X-linked myotubular myopathy is a rare genetic disease that affects 1 child per 50,000. It is a neuromuscular disease that only affects males and manifests itself from birth. The newborn is weak and struggles to breathe. In some cases, there are even prenatal symptoms, such as the almost absence of fetal movements.

After an initial clinical observation, the child's chest radiograph is taken.
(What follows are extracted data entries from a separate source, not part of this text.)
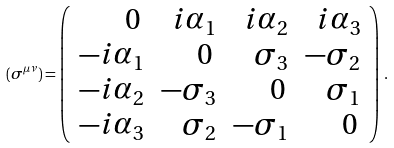<formula> <loc_0><loc_0><loc_500><loc_500>( \sigma ^ { \mu \nu } ) = \left ( \begin{array} { r r r r } 0 \, & i \alpha _ { 1 } & i \alpha _ { 2 } & i \alpha _ { 3 } \\ - i \alpha _ { 1 } & 0 \, & \sigma _ { 3 } & - \sigma _ { 2 } \\ - i \alpha _ { 2 } & - \sigma _ { 3 } & 0 \, & \sigma _ { 1 } \\ - i \alpha _ { 3 } & \sigma _ { 2 } & - \sigma _ { 1 } & 0 \, \end{array} \right ) \, .</formula> 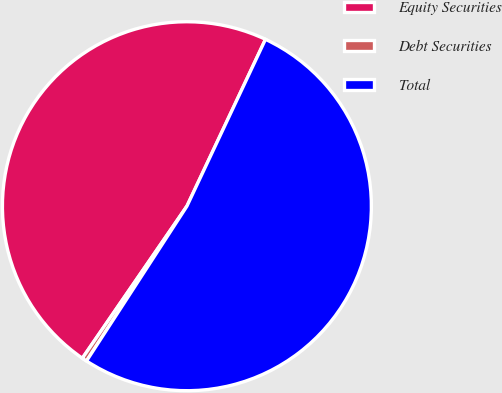Convert chart to OTSL. <chart><loc_0><loc_0><loc_500><loc_500><pie_chart><fcel>Equity Securities<fcel>Debt Securities<fcel>Total<nl><fcel>47.42%<fcel>0.43%<fcel>52.16%<nl></chart> 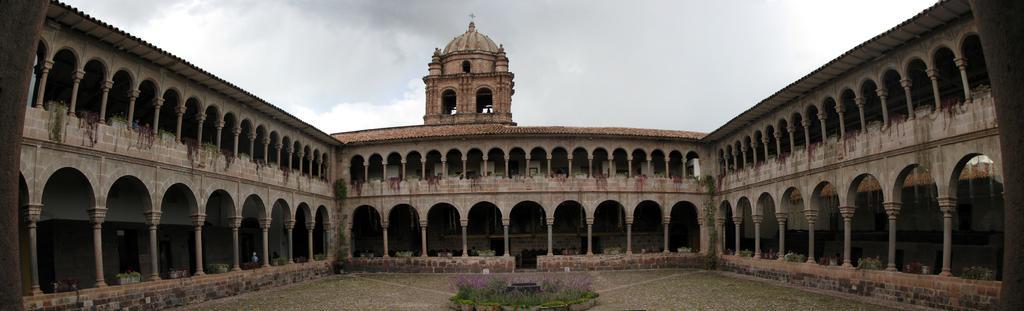Can you describe this image briefly? This picture might be taken from outside of the building. In this image, on the right side, we can see some pillars. In the middle of the image, we can see a plant with some flowers. On the left side, we can see some flower pot, plants. In the background, we can see some pillars, flower pot, plants, tower. At the top, we can see a sky which is cloudy. 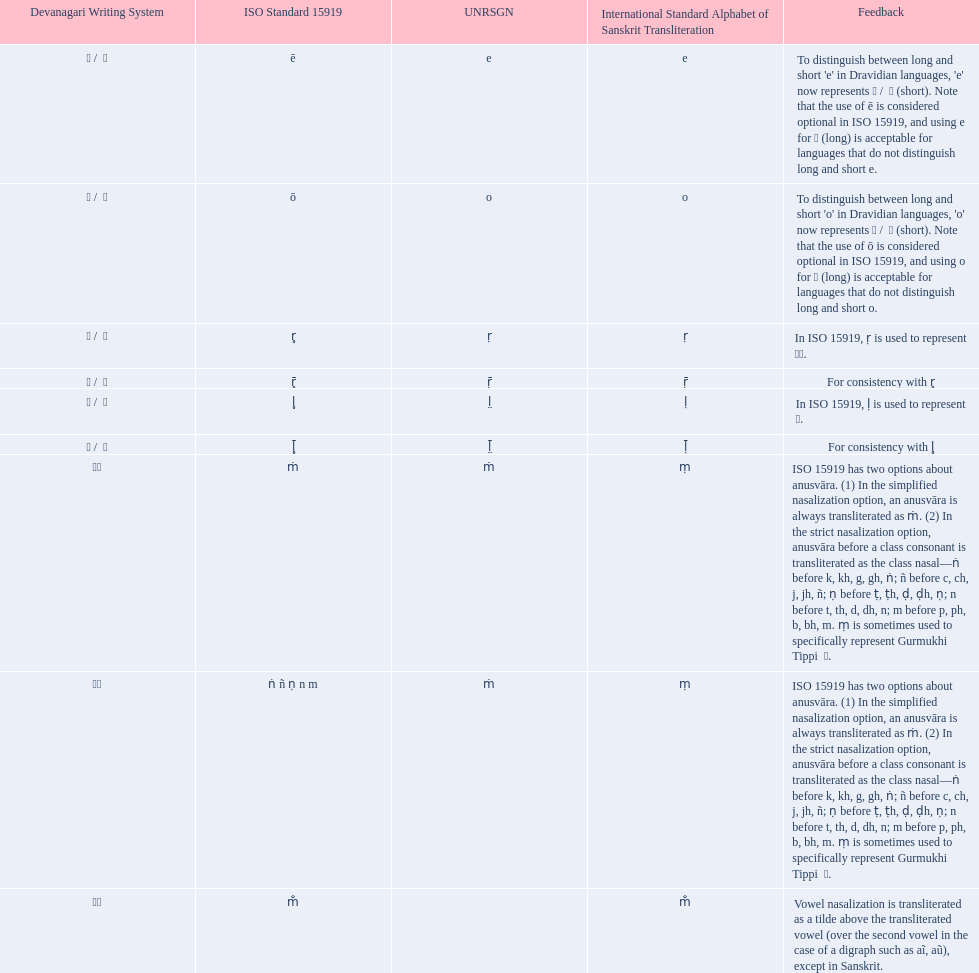Which devanagaria means the same as this iast letter: o? ओ / ो. 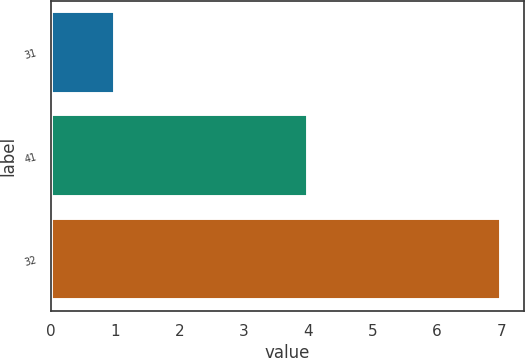Convert chart. <chart><loc_0><loc_0><loc_500><loc_500><bar_chart><fcel>31<fcel>41<fcel>32<nl><fcel>1<fcel>4<fcel>7<nl></chart>

This reveals the thinning of the ribs. Other indications are the excessive body length, the skull too large, the paralysis of the muscles of the eyeballs. Some patients experience vascular lesions at the level of the liver and a thickening of the pyloric channel, but only in those who live longer.

Most of the healthy women carriers are asymptomatic, except for some small clues. Healthy carriers tend to be weak and may experience urinary incontinence. This is due to a smooth muscle involvement.

Myotubular myopathy is caused by mutations in the myotubularin gene. Diagnosis is based on clinical analyzes, muscle biopsies and genetic tests. If there are cases among the known relatives, the doctors recommend genetic counseling to the whole family.

Unfortunately, to date there is no decisive cure or effective treatment. Doctors attempt a multidisciplinary approach, at least to stem the symptoms of the disease. Even in this way, the course proves to be fatal in the first months of life. However, it happens that some subjects manage to reach adolescence, thanks to medical interventions and ventilation.